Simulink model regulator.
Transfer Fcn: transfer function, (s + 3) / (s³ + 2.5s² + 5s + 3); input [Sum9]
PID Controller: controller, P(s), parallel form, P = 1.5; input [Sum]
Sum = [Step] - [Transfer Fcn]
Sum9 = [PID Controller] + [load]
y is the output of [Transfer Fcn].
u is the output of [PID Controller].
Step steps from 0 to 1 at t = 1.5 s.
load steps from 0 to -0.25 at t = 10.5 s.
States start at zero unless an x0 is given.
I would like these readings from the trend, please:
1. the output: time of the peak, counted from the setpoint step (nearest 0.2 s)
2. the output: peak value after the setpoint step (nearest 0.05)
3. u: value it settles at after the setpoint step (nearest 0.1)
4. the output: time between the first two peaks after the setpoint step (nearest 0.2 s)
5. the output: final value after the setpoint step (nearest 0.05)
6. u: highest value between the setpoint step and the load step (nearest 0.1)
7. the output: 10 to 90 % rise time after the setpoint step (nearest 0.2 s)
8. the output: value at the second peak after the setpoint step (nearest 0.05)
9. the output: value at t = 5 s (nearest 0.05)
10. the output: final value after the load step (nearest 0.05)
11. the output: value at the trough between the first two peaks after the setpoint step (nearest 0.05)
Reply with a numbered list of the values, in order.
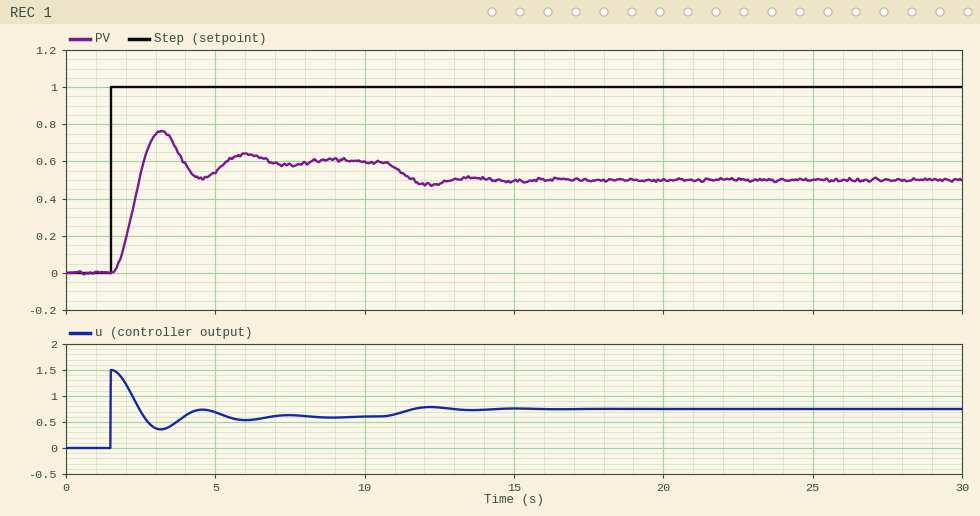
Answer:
1. 1.6 s
2. 0.75
3. 0.6
4. 2.8 s
5. 0.60
6. 1.5
7. 0.8 s
8. 0.65
9. 0.55
10. 0.50
11. 0.50
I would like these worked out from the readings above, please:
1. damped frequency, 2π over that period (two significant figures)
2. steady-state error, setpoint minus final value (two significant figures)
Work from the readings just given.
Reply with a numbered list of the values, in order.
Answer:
1. 2.2 rad/s
2. 0.40
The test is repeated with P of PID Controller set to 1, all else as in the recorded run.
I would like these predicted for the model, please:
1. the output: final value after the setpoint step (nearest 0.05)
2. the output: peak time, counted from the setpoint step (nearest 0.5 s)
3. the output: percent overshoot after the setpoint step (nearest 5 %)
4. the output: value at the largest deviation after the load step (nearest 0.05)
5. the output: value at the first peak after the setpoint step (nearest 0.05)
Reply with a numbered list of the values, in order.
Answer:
1. 0.50
2. 2.0 s
3. 20 %
4. 0.35
5. 0.60
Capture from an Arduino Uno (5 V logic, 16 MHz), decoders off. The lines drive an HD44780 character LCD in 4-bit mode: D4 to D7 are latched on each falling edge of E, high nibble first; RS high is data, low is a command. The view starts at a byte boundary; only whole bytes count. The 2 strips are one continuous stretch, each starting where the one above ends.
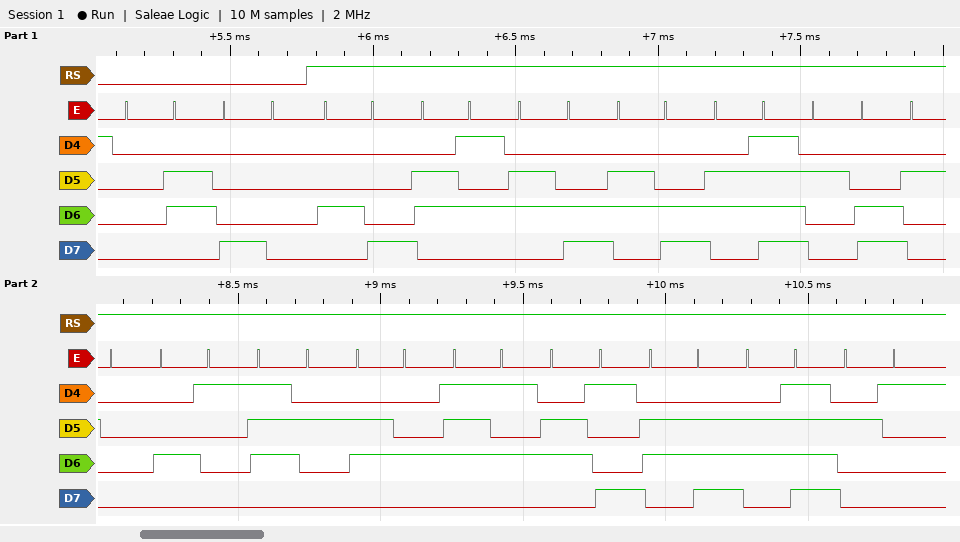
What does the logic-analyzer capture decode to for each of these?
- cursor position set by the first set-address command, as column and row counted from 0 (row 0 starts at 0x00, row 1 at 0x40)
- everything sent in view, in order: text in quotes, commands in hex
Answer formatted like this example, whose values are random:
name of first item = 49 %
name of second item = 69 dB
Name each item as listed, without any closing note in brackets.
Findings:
cursor position set by the first set-address command, as column and row counted from 0 = column 0, row 0
everything sent in view, in order: text in quotes, commands in hex = 0x06 0x80 "Hello, Arduino!"
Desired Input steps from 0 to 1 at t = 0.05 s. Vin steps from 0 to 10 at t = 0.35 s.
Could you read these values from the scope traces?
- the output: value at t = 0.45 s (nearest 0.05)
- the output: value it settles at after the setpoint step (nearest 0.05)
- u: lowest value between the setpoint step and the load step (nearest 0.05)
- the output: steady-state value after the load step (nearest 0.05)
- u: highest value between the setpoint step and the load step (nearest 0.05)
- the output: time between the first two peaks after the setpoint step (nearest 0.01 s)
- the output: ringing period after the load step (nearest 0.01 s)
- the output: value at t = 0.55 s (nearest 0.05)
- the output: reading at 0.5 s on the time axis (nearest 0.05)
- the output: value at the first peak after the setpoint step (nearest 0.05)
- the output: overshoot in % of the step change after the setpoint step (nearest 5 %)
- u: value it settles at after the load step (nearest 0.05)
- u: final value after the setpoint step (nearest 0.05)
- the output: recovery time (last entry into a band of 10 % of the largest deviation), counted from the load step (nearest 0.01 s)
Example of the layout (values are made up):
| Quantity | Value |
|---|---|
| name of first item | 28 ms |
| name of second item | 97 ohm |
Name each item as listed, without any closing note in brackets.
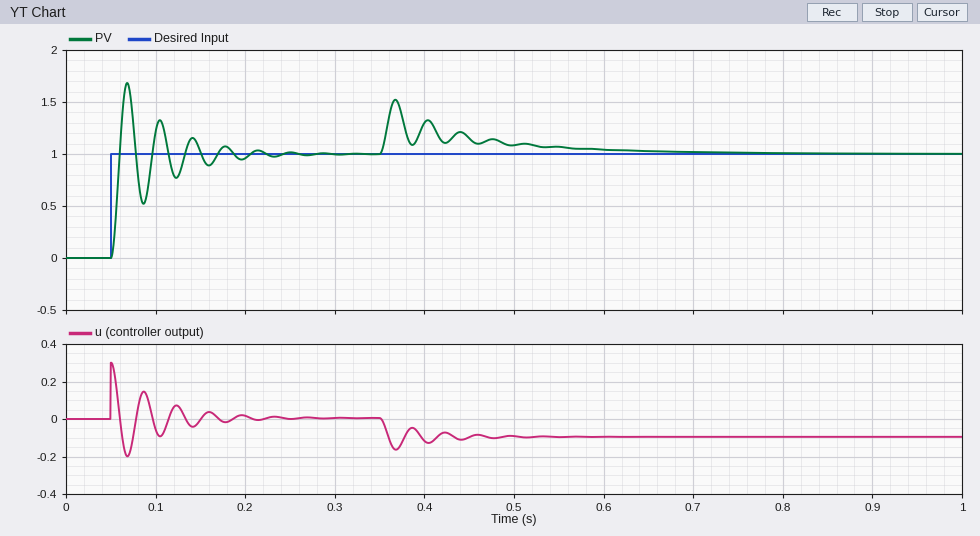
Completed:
| Quantity | Value |
|---|---|
| the output: value at t = 0.45 s | 1.15 |
| the output: value it settles at after the setpoint step | 1.00 |
| u: lowest value between the setpoint step and the load step | -0.20 |
| the output: steady-state value after the load step | 1.00 |
| u: highest value between the setpoint step and the load step | 0.30 |
| the output: time between the first two peaks after the setpoint step | 0.04 s |
| the output: ringing period after the load step | 0.04 s |
| the output: value at t = 0.55 s | 1.05 |
| the output: reading at 0.5 s on the time axis | 1.10 |
| the output: value at the first peak after the setpoint step | 1.70 |
| the output: overshoot in % of the step change after the setpoint step | 70 % |
| u: value it settles at after the load step | -0.10 |
| u: final value after the setpoint step | 0.00 |
| the output: recovery time (last entry into a band of 10 % of the largest deviation), counted from the load step | 0.22 s |
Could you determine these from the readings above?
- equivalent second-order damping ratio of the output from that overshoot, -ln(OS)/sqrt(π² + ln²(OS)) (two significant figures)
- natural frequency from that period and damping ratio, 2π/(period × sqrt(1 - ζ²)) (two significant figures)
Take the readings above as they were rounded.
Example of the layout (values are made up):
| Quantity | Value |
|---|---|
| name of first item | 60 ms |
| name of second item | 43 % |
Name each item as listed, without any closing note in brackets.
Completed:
| Quantity | Value |
|---|---|
| equivalent second-order damping ratio of the output from that overshoot, -ln(OS)/sqrt(π² + ln²(OS)) | 0.11 |
| natural frequency from that period and damping ratio, 2π/(period × sqrt(1 - ζ²)) | 160 rad/s |
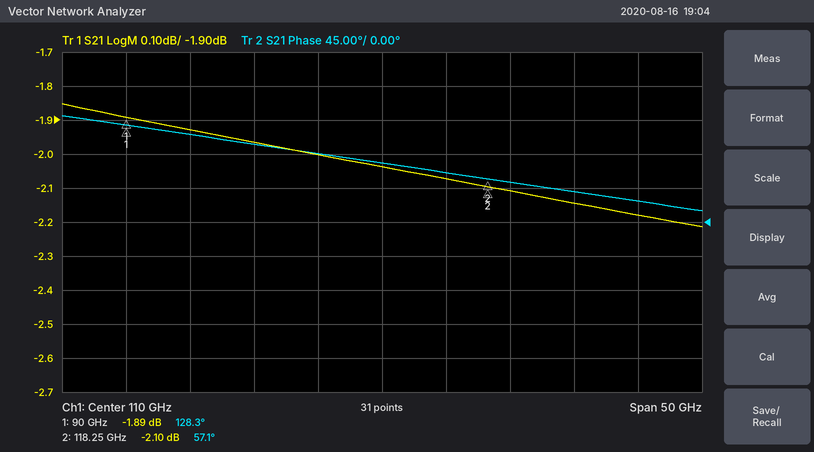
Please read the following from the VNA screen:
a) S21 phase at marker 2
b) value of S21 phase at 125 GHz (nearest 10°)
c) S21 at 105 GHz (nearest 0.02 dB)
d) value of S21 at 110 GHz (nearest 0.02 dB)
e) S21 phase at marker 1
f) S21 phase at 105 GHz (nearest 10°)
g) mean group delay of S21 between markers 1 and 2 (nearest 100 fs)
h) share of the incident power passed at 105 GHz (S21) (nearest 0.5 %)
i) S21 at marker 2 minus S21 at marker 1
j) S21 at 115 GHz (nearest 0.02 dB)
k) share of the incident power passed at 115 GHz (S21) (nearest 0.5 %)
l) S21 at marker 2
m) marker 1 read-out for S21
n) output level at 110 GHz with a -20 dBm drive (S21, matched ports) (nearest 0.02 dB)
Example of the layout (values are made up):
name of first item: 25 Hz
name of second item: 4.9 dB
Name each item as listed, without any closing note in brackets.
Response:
S21 phase at marker 2: 57.1°
value of S21 phase at 125 GHz: 40°
S21 at 105 GHz: -2.00 dB
value of S21 at 110 GHz: -2.04 dB
S21 phase at marker 1: 128.3°
S21 phase at 105 GHz: 90°
mean group delay of S21 between markers 1 and 2: 7.0 ps
share of the incident power passed at 105 GHz (S21): 63.0 %
S21 at marker 2 minus S21 at marker 1: -0.21 dB
S21 at 115 GHz: -2.08 dB
share of the incident power passed at 115 GHz (S21): 62.0 %
S21 at marker 2: -2.10 dB
marker 1 read-out for S21: -1.89 dB
output level at 110 GHz with a -20 dBm drive (S21, matched ports): -22.04 dBm
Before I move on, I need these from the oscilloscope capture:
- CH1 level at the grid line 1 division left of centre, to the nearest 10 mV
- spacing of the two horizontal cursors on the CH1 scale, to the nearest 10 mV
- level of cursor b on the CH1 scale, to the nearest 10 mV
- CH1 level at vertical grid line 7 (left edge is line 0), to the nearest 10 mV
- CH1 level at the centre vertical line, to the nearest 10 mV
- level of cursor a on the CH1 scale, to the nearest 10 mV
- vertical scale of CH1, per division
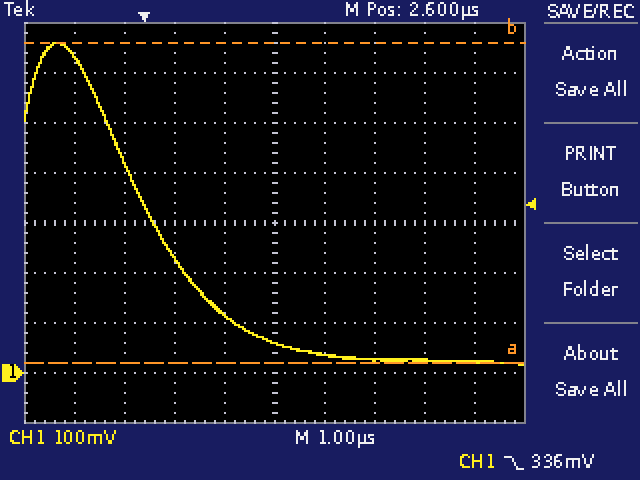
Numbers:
120 mV
640 mV
660 mV
30 mV
60 mV
20 mV
100 mV
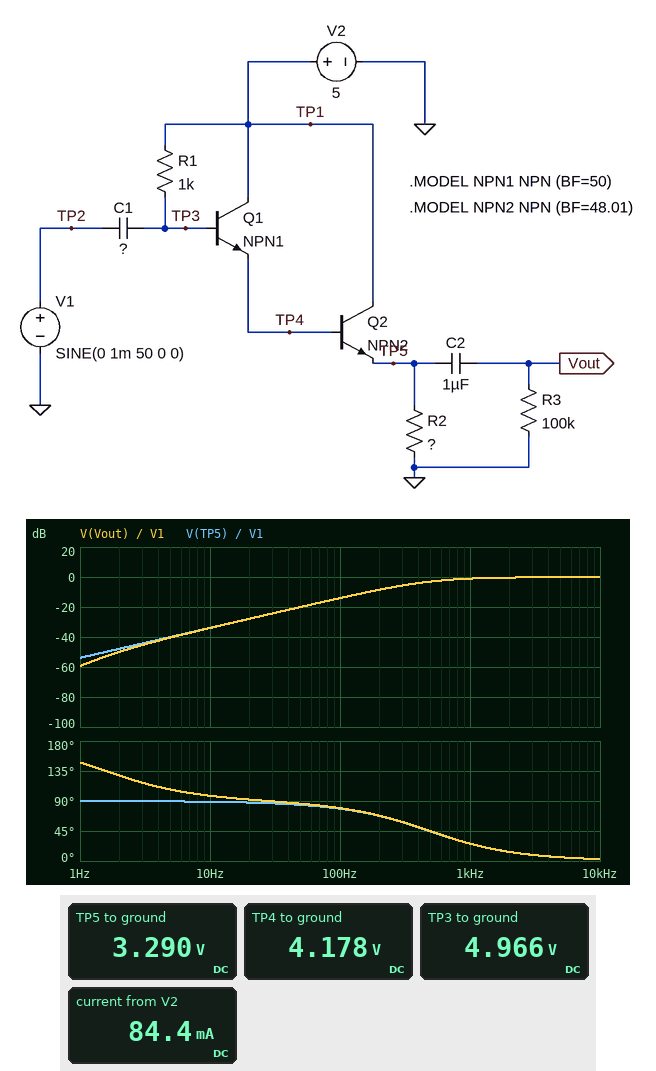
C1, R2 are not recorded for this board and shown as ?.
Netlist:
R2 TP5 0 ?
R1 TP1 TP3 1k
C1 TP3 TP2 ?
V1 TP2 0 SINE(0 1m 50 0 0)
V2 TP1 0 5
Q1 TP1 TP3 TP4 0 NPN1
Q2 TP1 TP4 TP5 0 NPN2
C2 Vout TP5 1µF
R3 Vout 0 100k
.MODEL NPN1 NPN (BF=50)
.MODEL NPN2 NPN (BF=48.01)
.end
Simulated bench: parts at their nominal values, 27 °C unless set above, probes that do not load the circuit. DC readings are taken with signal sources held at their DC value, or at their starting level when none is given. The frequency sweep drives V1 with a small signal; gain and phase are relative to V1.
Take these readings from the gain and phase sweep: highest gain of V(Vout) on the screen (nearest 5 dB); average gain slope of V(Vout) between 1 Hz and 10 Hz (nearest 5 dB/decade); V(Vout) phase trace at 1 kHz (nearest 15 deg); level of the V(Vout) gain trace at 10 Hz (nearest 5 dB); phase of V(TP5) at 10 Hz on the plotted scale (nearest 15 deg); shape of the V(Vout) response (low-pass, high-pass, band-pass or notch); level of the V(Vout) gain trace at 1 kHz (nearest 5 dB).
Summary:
0 dB
25 dB/decade
30 deg
-35 dB
90 deg
high-pass
0 dB
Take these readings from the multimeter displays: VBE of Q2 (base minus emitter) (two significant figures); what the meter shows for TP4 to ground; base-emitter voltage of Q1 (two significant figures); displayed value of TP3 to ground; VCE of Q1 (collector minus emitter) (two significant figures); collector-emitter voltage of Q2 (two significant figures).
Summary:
890 mV
4.178 V
790 mV
4.966 V
820 mV
1.7 V
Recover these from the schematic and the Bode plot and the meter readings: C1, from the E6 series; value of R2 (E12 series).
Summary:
330 nF
39 Ω
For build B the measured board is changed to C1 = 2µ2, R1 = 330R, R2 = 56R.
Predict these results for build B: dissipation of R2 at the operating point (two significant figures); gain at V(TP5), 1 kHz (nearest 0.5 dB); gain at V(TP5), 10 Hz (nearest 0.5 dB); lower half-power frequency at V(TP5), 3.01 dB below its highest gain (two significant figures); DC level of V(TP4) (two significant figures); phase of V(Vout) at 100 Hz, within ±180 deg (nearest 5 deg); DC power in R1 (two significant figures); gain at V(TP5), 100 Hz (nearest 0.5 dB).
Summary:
200 mW
-0.5 dB
-27.0 dB
220 Hz
4.2 V
65 deg
190 nW
-8.0 dB

● ACTIVITY
A single number is expected: how many lines in the records contain the string "left".

● SOLVED EXERCISE
2